» **Activity**
Nothing outside the lines below from the one containing "Describe this image" through the one containing "Point out several" is to be printed; print those exactly, ends included, and drop the pictures.

» **Supplied records**
────

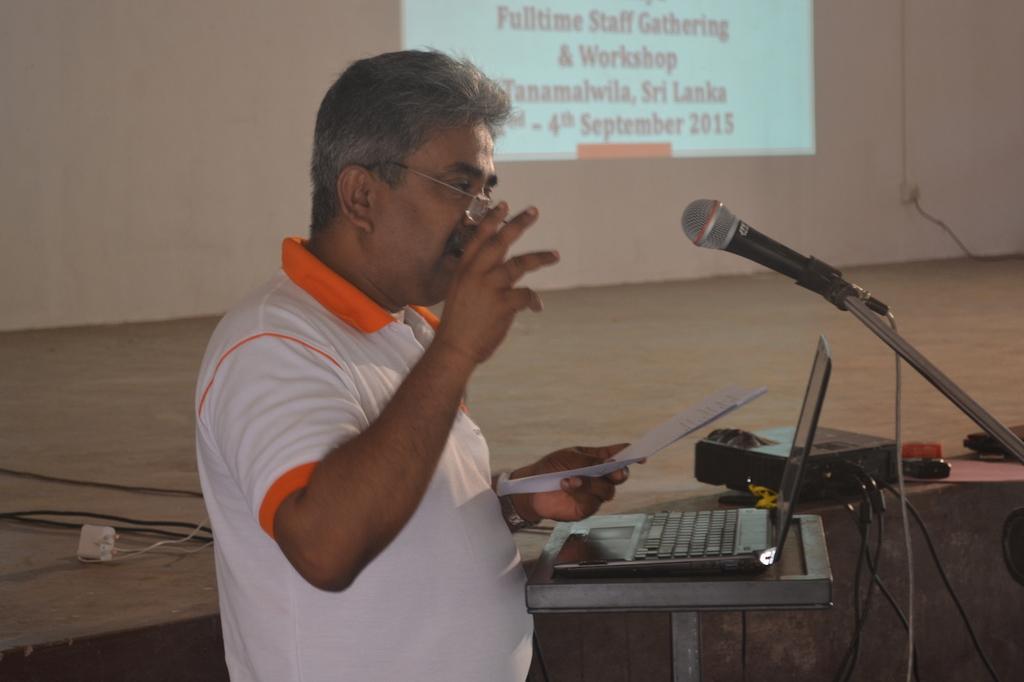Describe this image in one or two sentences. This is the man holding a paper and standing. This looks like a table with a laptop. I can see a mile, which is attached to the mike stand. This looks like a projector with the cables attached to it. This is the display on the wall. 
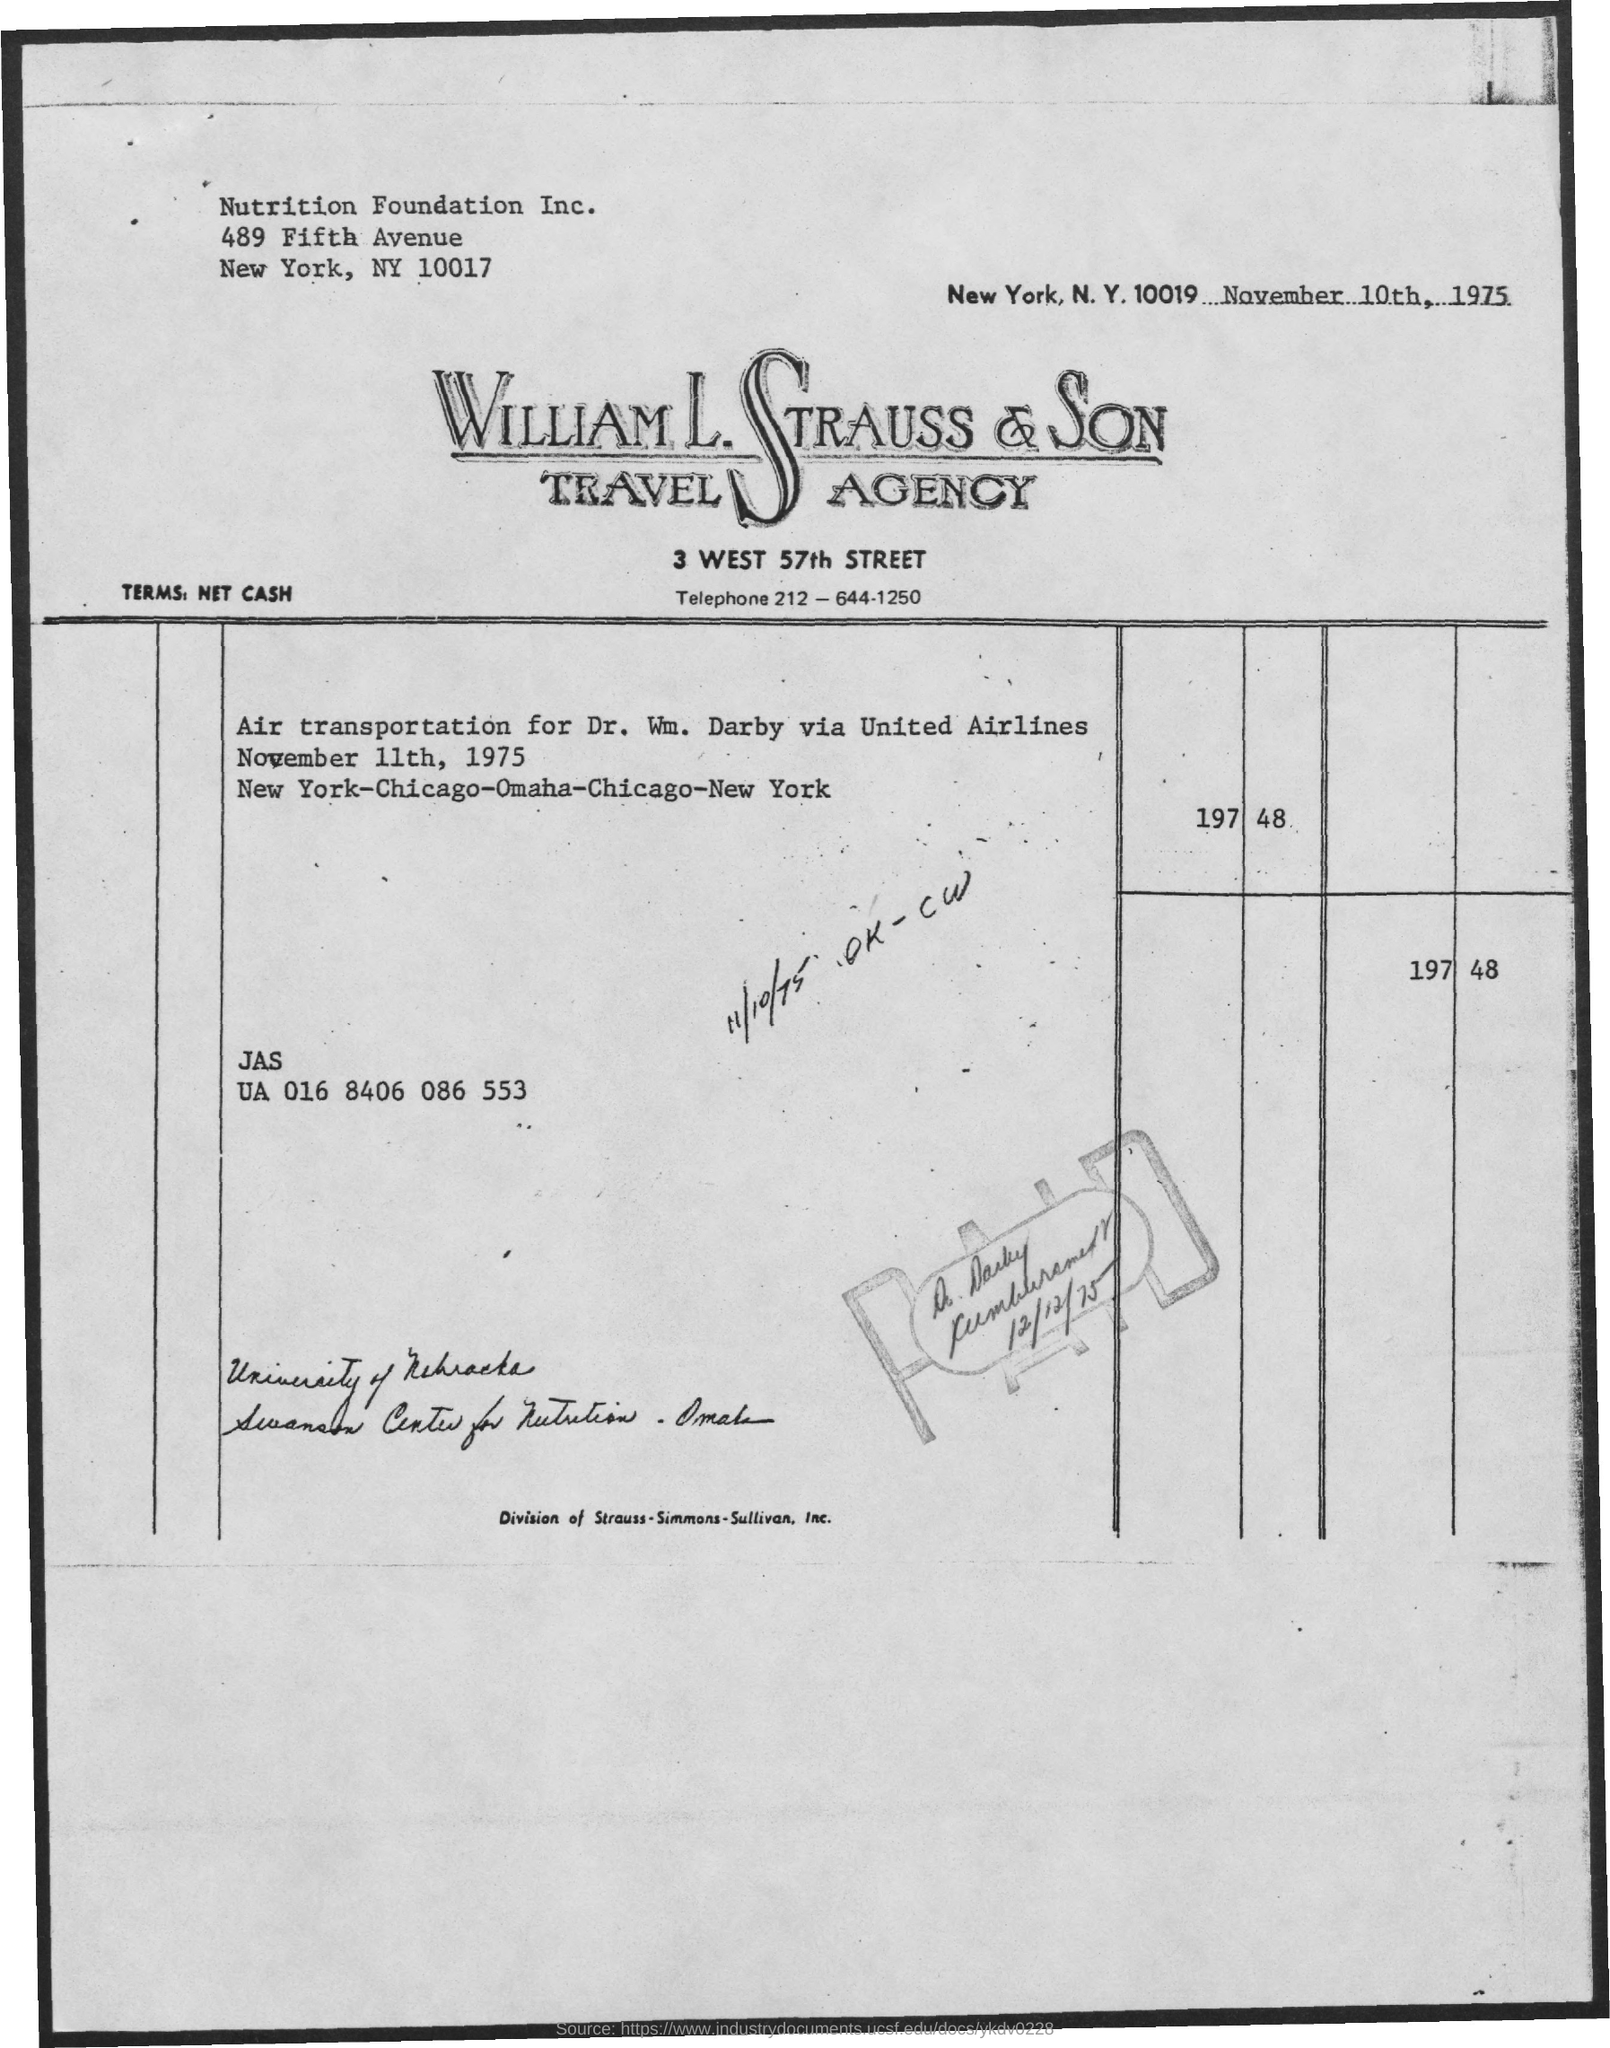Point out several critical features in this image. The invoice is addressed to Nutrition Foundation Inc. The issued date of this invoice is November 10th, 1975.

────

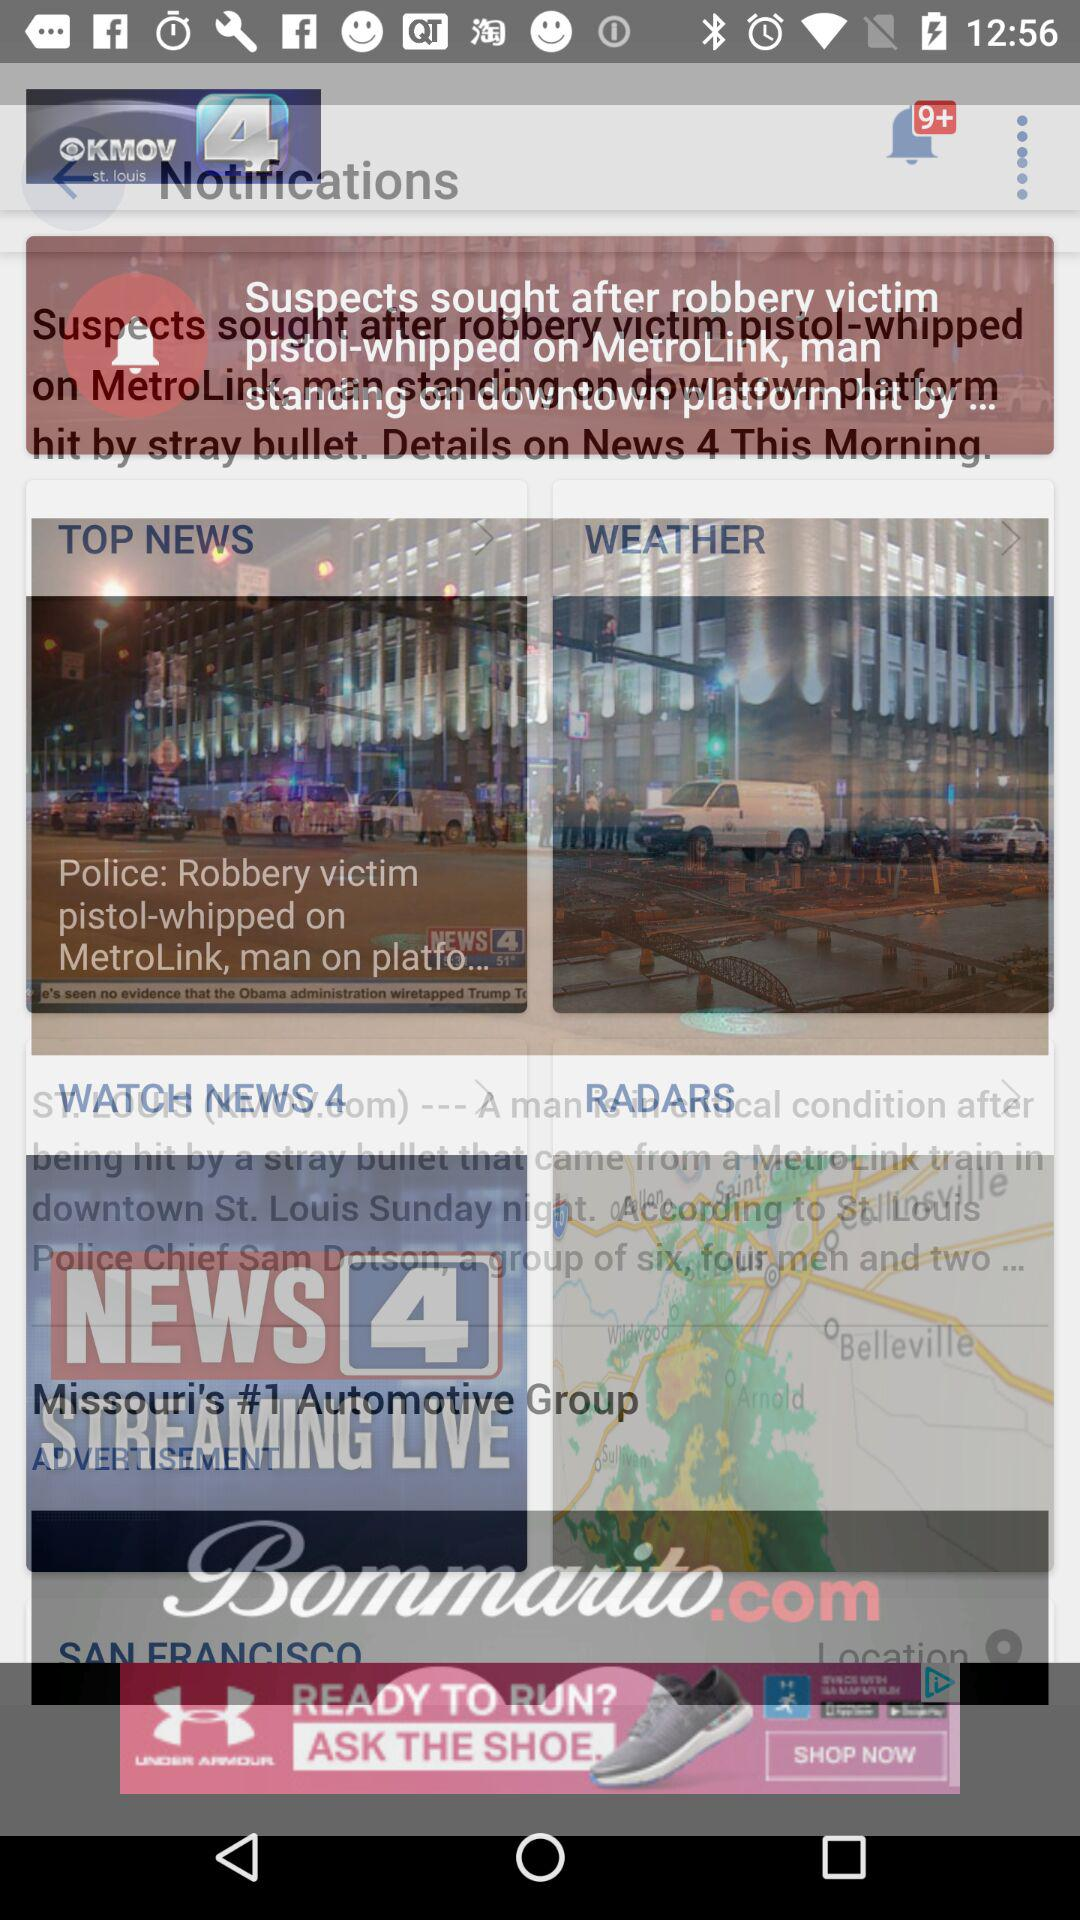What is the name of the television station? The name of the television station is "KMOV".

────

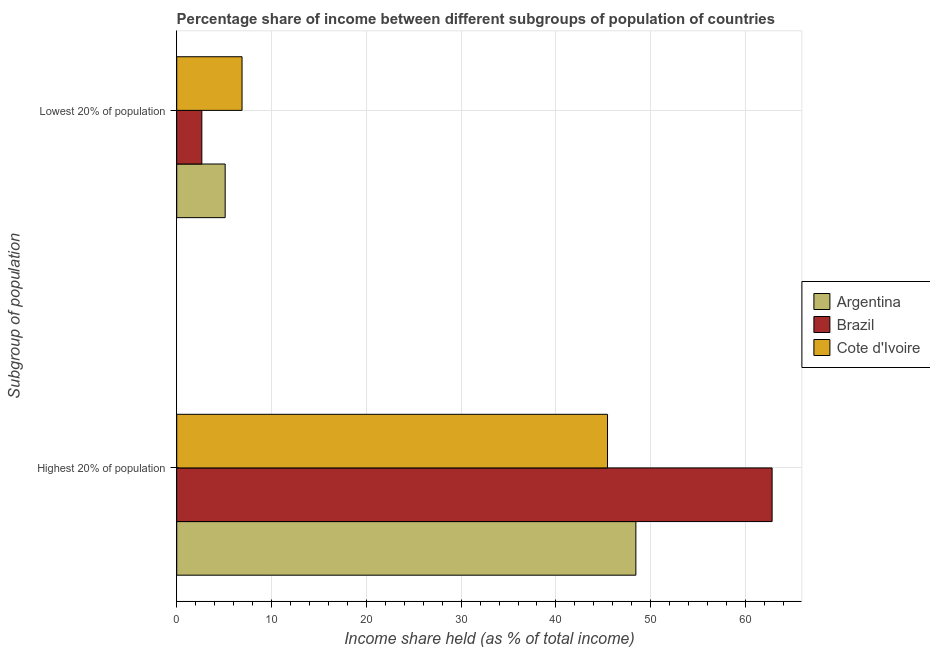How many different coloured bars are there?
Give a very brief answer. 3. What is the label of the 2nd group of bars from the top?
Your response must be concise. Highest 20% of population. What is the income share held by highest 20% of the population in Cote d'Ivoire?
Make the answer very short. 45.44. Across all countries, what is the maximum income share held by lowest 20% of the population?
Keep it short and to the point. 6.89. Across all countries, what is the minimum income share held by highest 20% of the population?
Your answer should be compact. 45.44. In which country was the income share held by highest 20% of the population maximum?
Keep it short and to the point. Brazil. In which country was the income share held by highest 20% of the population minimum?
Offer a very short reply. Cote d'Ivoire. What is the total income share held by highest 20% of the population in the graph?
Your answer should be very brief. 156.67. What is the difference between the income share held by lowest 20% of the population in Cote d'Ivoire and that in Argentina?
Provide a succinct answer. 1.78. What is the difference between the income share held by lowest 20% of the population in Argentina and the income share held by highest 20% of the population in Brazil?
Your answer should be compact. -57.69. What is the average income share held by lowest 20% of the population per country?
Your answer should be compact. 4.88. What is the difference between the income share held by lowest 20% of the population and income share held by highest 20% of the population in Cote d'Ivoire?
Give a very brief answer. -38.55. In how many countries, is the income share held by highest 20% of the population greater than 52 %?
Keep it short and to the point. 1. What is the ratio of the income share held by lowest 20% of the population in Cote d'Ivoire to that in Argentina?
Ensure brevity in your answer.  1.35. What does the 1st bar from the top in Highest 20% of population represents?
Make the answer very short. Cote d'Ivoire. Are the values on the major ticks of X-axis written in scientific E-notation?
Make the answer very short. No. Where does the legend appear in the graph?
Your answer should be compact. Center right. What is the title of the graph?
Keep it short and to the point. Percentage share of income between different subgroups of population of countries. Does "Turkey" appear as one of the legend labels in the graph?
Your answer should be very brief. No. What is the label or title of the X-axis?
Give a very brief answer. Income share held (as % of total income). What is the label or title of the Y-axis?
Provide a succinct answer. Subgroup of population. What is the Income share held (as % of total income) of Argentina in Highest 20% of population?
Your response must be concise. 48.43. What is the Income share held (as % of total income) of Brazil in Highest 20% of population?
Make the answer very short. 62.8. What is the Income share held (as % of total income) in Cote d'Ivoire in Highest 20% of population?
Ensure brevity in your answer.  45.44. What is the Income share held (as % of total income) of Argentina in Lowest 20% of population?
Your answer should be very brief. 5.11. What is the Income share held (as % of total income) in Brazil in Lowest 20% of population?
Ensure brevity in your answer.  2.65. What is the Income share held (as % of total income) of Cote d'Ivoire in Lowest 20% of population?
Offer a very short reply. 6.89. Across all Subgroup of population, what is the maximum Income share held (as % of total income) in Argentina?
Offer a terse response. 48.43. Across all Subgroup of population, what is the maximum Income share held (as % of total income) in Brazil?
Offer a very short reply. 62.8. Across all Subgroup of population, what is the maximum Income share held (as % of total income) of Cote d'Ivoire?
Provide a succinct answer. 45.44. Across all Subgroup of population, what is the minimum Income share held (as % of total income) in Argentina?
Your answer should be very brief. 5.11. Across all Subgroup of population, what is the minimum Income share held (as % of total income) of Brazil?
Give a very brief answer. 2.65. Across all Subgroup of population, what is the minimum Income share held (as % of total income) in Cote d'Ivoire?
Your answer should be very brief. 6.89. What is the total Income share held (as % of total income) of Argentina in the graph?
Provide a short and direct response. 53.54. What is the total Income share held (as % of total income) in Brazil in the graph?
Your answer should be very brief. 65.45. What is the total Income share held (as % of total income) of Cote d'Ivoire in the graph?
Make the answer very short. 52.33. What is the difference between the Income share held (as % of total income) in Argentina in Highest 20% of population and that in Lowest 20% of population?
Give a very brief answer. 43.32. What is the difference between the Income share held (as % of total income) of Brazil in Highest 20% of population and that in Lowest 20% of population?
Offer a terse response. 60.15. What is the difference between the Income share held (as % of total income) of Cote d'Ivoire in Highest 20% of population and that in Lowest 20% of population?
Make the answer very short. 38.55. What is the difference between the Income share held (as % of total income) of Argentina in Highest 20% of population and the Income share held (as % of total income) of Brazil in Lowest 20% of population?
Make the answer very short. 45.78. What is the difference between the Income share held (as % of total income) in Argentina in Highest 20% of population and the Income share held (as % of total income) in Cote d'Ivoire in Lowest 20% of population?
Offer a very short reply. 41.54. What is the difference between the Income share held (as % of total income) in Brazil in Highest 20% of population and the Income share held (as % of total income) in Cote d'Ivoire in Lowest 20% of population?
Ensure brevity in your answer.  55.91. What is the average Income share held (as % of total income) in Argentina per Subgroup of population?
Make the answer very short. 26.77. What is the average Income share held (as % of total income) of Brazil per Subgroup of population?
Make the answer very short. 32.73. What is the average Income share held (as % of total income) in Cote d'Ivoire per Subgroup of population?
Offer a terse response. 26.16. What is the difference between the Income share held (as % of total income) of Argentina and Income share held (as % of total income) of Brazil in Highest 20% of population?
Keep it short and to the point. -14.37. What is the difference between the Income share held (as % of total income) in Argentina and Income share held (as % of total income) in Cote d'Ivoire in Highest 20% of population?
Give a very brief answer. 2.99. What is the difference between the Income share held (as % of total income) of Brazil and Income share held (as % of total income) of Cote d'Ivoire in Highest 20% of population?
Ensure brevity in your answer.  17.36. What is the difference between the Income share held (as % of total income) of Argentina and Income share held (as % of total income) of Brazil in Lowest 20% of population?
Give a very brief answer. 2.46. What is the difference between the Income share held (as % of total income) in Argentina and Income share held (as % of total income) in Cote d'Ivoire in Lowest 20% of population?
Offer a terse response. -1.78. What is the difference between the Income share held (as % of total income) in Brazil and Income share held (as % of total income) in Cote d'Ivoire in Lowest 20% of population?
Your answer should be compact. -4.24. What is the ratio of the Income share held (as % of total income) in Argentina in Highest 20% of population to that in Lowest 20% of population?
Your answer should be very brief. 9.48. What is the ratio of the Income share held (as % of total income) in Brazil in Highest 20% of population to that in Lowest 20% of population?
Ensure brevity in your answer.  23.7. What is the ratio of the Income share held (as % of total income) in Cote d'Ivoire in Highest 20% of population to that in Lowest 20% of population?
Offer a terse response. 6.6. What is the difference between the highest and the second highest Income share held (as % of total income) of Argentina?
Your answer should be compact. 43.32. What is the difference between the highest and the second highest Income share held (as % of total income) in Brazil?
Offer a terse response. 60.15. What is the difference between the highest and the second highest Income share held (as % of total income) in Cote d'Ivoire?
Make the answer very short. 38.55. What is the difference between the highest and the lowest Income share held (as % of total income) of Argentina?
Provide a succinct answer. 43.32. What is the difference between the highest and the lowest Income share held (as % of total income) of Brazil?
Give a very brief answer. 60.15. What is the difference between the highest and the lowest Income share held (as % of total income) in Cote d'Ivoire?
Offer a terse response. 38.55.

────

» **Expected output**
Describe this image in one or two sentences. This is the man holding a paper and standing. This looks like a table with a laptop. I can see a mile, which is attached to the mike stand. This looks like a projector with the cables attached to it. This is the display on the wall. 
Point out several critical features in this image. The invoice is addressed to Nutrition Foundation Inc. The issued date of this invoice is November 10th, 1975.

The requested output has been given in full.